FACS analyses of Jurkat, L428, and L1236 cells after 24 hours of combined treatment with CHX and Fas-agonistic mAb CH11. Jurkat, L1236, and L428 cells (5 × 10⁵) were incubated for 24 hours with varying concentrations of CHX (1 μg/ml for Jurkat cells, 10 μg/ml for both L1236 and L428 cells), 100 ng/ml agonistic anti-Fas mAb CH11 or the IgM-isotype control mAb. The cells were incubated with phycoerythrin-labeled Annexin V stained with propidium iodide and submitted to FACS analyses. 10,000 events were recorded. Twenty percent of dots are shown. Percentages of apoptotic cells are indicated. A: Jurkat cells after a 24-hour treatment with 1 μg/ml of CHX and an isotype mAb.
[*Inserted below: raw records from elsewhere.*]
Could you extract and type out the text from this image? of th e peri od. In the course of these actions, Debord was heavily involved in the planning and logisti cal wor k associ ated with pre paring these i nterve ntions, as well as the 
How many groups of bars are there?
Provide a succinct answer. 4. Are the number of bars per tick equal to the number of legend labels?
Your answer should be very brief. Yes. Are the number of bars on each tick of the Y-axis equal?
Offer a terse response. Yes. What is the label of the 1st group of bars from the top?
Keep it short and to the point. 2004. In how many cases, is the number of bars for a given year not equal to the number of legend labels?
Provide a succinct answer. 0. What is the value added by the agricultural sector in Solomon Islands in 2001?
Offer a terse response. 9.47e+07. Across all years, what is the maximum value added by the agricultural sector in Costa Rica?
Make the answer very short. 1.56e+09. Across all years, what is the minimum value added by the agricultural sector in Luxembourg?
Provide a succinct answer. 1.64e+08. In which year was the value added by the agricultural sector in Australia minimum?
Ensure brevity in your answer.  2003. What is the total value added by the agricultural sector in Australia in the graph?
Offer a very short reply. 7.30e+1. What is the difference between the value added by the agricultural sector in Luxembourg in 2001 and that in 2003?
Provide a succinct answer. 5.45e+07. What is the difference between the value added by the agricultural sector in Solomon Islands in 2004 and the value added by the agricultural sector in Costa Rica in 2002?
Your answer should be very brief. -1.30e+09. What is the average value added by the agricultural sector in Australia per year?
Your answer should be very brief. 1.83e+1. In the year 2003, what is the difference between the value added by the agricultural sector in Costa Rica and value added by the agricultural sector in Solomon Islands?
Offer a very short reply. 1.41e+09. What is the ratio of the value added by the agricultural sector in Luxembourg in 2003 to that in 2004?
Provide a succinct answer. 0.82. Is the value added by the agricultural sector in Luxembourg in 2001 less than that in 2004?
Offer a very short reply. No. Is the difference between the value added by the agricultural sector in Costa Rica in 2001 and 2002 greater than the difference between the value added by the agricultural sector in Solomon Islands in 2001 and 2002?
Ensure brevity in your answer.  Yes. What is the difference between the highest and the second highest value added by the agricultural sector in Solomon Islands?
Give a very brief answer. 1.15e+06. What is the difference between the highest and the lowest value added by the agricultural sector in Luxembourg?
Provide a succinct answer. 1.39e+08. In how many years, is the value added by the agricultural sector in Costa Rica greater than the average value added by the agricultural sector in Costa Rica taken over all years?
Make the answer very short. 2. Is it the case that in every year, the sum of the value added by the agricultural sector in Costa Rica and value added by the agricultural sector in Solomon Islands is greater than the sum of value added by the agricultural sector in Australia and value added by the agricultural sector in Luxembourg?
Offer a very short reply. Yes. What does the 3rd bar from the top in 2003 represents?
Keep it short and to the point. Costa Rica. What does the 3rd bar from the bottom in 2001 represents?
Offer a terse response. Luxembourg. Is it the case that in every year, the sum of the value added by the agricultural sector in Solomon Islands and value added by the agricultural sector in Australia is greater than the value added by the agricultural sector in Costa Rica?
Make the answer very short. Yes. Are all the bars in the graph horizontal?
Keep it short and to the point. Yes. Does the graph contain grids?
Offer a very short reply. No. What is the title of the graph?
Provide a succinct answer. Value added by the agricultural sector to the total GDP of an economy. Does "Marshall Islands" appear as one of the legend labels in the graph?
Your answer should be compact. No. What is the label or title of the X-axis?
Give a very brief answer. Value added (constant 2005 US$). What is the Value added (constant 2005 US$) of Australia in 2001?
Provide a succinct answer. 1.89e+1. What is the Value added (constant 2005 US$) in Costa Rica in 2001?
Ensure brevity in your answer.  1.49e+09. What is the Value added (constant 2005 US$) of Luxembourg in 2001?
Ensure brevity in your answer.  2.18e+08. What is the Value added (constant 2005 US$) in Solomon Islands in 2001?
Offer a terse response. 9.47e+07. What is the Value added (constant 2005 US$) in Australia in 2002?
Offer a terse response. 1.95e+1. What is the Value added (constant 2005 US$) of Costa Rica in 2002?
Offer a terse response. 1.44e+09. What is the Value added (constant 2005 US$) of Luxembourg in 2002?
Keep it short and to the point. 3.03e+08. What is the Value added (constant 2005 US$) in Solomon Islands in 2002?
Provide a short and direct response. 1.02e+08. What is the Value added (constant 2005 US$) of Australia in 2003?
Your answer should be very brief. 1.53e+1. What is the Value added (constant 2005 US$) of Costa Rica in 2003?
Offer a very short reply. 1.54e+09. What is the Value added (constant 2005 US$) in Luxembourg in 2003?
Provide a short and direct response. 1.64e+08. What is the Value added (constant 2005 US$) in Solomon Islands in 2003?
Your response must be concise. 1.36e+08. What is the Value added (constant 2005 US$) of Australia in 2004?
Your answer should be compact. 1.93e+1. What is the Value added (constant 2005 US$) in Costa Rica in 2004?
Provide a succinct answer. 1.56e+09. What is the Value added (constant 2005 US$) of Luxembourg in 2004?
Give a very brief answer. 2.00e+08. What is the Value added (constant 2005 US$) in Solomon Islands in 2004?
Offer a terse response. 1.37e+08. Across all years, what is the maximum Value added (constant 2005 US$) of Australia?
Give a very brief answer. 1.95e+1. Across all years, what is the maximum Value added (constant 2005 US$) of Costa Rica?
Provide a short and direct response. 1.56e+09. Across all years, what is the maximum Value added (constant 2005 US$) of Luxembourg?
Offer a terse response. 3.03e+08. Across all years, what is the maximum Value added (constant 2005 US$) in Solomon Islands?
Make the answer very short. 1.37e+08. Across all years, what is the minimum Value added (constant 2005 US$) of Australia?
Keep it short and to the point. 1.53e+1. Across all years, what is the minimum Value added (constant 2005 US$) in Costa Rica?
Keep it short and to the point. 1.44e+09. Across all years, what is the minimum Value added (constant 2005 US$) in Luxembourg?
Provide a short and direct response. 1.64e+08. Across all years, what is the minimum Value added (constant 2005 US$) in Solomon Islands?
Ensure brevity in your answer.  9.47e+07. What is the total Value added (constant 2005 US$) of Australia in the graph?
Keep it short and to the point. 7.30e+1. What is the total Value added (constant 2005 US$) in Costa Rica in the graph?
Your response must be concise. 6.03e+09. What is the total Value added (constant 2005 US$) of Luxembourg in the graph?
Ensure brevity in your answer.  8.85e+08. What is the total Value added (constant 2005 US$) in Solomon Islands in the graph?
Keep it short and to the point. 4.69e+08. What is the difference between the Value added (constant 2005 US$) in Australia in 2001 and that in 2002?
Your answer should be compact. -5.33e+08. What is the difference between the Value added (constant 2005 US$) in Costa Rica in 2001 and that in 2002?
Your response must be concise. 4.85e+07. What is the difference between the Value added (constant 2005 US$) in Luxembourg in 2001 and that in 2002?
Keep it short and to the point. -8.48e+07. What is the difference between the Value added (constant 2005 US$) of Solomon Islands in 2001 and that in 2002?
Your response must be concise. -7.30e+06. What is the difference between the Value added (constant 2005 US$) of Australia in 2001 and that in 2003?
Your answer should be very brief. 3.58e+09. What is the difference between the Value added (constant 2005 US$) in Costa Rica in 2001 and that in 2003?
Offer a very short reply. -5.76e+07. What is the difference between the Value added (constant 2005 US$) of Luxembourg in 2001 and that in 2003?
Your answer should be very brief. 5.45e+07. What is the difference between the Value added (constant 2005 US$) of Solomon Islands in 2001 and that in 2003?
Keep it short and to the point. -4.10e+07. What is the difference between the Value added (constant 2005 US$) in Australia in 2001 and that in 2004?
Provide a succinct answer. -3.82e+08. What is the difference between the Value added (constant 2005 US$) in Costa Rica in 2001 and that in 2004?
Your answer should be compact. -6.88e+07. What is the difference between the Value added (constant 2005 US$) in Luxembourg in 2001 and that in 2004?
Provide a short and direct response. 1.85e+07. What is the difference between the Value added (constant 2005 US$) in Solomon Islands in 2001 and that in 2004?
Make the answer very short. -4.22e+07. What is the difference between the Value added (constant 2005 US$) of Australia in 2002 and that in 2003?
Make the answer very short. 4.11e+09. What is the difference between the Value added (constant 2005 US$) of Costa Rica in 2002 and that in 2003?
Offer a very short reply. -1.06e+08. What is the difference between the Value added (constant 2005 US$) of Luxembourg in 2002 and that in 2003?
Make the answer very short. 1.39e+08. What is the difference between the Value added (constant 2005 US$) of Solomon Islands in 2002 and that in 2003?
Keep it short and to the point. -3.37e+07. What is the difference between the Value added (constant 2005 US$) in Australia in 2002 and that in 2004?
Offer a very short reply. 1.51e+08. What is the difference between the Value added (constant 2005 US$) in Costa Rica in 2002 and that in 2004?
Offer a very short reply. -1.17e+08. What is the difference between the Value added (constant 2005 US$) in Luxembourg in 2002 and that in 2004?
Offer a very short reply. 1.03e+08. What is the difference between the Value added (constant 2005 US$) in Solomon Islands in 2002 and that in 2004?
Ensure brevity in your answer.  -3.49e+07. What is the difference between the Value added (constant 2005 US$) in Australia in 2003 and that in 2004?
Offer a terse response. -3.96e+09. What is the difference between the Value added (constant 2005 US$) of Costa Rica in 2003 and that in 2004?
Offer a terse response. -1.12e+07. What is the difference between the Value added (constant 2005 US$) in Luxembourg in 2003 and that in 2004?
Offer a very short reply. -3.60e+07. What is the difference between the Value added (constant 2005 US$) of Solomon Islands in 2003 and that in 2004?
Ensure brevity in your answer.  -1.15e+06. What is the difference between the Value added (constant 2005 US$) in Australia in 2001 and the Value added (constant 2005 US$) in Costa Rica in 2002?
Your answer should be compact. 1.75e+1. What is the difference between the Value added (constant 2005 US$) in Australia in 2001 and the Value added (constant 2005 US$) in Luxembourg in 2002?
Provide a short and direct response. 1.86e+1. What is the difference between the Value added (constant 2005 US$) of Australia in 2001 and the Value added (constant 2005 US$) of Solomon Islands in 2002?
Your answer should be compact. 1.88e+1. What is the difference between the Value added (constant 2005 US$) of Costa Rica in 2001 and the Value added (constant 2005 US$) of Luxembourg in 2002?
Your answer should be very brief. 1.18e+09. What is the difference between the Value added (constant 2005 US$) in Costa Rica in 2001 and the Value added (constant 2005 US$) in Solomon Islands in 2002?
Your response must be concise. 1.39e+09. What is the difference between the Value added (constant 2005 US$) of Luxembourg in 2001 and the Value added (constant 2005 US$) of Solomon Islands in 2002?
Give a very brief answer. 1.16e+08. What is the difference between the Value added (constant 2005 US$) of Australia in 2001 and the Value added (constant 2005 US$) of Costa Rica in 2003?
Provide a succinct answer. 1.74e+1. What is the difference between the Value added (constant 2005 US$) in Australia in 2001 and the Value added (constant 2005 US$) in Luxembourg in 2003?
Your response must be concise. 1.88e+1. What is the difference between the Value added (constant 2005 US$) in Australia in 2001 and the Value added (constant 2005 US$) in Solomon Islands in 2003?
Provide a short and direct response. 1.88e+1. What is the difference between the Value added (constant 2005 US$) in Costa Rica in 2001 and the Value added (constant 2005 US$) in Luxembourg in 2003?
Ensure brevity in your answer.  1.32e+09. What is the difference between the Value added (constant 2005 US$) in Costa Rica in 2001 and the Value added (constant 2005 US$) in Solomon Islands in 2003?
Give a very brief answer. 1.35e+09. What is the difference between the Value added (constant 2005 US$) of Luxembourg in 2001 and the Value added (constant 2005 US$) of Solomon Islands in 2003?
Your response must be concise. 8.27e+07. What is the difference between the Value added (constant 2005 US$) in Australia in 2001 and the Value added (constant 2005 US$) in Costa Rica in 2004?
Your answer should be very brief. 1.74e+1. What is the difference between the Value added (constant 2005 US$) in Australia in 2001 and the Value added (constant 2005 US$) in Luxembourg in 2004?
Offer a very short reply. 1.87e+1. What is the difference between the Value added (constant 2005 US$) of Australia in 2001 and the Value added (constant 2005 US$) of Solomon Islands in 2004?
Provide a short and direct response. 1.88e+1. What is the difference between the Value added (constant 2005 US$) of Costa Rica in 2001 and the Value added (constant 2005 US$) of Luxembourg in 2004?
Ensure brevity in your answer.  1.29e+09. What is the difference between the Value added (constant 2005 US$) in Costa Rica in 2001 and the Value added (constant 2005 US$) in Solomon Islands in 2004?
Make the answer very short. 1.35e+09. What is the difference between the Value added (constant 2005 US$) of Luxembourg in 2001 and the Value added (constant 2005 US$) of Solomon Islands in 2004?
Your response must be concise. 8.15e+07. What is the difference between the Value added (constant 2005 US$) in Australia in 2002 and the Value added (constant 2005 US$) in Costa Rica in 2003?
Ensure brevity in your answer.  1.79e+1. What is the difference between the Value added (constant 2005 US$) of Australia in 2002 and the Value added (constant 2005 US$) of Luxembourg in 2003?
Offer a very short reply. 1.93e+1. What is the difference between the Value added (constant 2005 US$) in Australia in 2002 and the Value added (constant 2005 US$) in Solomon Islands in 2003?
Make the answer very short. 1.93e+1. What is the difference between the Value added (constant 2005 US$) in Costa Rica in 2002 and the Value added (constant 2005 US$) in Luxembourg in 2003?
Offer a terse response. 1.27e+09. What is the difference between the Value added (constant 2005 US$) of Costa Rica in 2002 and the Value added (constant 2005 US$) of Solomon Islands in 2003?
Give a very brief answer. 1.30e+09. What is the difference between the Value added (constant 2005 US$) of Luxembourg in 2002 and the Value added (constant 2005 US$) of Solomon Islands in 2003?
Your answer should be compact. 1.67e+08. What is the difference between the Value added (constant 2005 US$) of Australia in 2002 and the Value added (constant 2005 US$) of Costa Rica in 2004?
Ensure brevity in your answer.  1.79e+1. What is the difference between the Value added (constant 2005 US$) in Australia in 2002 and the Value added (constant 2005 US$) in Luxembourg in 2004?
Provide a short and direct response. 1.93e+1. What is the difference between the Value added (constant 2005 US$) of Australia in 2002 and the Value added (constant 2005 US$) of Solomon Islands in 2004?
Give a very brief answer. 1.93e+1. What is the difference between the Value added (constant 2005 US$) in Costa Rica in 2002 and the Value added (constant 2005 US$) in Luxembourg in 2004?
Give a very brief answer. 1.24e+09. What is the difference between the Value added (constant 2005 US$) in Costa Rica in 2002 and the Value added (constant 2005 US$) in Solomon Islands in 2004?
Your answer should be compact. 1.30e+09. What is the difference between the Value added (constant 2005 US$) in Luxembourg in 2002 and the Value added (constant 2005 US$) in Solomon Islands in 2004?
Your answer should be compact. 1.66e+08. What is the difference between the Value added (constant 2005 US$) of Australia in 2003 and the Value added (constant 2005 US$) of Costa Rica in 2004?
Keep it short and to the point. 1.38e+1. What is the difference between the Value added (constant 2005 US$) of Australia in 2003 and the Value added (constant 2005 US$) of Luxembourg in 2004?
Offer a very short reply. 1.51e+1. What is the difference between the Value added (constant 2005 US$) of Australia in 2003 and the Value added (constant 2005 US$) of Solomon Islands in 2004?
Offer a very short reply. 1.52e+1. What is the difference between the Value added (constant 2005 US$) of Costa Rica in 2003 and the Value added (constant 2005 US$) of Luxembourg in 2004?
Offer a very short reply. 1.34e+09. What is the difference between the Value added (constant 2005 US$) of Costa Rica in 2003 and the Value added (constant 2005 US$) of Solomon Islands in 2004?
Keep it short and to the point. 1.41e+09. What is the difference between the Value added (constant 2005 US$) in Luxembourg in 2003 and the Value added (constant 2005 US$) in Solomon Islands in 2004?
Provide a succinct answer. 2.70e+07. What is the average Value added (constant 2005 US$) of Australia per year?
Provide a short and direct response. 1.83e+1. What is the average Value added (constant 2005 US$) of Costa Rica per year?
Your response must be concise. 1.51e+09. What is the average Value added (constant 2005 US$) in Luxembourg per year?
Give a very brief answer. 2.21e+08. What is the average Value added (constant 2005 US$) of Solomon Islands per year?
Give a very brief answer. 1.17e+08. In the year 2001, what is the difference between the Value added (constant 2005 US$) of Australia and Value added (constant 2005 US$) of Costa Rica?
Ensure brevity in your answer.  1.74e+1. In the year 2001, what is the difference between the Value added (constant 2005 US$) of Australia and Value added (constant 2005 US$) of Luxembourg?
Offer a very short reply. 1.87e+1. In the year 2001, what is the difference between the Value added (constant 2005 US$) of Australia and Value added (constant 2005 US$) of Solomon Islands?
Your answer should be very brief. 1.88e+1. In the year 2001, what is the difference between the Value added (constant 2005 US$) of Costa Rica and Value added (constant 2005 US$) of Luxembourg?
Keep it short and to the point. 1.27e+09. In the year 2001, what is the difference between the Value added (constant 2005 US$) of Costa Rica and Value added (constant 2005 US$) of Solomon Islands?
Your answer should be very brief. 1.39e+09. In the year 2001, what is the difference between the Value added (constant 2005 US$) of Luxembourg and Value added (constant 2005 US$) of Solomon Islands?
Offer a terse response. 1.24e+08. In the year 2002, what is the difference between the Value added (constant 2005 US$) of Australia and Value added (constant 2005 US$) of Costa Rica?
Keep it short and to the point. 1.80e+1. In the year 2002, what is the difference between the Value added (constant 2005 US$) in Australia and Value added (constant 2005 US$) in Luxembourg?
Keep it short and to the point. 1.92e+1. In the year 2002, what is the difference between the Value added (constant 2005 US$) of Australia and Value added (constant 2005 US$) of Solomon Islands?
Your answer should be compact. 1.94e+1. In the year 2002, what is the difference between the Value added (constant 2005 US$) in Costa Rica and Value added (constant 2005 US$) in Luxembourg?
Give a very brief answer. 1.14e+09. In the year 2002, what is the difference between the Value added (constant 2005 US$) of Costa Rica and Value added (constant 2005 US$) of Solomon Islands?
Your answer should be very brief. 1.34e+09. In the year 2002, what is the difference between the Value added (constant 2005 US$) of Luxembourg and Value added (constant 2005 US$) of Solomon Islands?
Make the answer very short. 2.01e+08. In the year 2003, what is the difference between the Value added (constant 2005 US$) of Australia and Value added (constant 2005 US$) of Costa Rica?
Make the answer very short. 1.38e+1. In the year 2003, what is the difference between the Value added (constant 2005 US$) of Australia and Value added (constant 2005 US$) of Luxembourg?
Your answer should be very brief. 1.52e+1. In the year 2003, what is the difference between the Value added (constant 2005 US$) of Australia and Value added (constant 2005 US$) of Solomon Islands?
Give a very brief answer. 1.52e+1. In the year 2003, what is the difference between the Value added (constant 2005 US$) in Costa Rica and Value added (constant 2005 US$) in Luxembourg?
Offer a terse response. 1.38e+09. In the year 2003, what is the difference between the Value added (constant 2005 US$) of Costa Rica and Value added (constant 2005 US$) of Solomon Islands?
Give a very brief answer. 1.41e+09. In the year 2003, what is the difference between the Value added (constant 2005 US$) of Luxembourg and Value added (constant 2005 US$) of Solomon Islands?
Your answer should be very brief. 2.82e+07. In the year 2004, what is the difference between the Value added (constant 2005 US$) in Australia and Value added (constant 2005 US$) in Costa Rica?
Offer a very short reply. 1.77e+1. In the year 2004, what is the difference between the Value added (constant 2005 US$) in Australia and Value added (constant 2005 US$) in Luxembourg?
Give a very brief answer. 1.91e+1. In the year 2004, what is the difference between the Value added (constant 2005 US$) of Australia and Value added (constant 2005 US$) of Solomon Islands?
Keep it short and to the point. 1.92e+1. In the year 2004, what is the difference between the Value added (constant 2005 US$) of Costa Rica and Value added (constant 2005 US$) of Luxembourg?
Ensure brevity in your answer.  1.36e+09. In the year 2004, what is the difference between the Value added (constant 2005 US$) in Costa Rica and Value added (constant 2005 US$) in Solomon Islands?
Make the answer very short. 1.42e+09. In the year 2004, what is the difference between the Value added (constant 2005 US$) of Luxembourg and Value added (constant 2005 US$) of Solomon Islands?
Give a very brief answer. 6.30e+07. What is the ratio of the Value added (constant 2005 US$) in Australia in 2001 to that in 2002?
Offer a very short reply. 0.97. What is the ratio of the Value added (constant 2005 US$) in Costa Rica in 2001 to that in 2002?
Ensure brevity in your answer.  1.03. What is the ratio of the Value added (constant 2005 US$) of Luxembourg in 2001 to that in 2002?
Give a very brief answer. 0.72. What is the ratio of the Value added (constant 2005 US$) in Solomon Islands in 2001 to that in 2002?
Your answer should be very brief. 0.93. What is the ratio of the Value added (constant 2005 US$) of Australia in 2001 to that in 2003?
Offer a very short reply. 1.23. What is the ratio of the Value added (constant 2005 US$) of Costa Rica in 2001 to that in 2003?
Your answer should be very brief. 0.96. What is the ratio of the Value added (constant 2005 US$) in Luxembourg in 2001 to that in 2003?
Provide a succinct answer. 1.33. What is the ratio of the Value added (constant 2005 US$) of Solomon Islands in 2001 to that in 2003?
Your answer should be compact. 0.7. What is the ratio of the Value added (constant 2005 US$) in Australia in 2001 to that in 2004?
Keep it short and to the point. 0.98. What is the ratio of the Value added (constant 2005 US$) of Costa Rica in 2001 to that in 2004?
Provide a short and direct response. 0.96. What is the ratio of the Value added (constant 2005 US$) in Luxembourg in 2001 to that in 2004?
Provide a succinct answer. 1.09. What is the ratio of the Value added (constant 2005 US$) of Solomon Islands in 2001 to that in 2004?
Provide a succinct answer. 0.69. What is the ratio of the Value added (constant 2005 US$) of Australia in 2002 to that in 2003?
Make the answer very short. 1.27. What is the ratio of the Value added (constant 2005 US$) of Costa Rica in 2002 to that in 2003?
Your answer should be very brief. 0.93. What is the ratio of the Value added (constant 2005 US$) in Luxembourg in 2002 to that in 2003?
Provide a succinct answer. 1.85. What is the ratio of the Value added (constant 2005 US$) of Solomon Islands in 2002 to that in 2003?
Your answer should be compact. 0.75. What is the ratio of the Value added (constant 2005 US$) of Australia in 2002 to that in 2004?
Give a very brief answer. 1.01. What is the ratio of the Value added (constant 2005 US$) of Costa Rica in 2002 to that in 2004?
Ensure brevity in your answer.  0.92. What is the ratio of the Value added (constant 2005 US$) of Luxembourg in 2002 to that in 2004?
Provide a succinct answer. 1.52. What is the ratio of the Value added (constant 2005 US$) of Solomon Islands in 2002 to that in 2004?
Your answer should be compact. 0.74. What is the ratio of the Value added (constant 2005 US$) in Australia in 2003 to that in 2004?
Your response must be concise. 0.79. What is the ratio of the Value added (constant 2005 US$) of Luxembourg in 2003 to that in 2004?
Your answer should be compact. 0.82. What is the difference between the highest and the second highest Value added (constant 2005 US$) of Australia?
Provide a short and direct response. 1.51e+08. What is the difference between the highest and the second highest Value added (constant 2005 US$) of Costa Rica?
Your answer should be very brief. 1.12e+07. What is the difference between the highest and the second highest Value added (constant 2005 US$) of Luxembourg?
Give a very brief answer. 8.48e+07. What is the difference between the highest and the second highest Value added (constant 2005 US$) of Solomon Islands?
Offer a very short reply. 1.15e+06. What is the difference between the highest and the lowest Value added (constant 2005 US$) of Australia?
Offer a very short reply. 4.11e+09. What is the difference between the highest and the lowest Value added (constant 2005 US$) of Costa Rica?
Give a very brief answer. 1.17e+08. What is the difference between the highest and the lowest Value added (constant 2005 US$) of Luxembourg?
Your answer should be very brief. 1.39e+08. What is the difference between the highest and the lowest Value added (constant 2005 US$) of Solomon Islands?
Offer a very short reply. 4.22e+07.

B: Jurkat cells after a 24-hour treatment with 1 μg/ml of CHX and 100 ng/ml of CH11. C: L428 cells after a 24-hour treatment with 10 μg/ml of CHX and an isotype mAb. D: L428 cells after a 24-hour treatment with 10 μg/ml of CHX and 100 ng/ml of CH11. E: L1236 cells after a 24-hour treatment with 10 μg/ml of CHX and an isotype-matched control mAb. F: L1236 cells after a 24-hour treatment with 10 μg/ml of CHX and 100 ng/ml of CH11.

Figure 6.

c-FLIP protein is expressed in HRS cells in HD-involved tissue. Serial sections from HD-involved tissues were stained either with a polyclonal anti-c-FLIP antibody or an anti-CD30 mAb to show HRS cells and then counterstained with hemalaun. The number of c-FLIP⁺ cells was estimated and compared to the number of CD30⁺ cells. Cases with 75 to 100% of HRS cells being positive for c-FLIP were categorized as ++, whereas cases with 25 to 75% of c-FLIP⁺ HRS cells were classified as +. Striated muscle tissue and GCs served as positive controls. A: Primary HD case stained with c-FLIP Ab showing one HRS cell. B: Primary HD case stained with a polyclonal c-FLIP Ab showing two HRS cells surrounded by lymphoid cells. C: Specimen of striated muscle tissue infiltrated by a B cell non-Hodgkin’s lymphoma stained with polyclonal c-FLIP Ab. D: Reactive lymph node with three GCs and vascular endothelial cells stained with polyclonal c-FLIP Ab. Original magnifications: ×200 (A); ×400 (B); ×100 (C and D).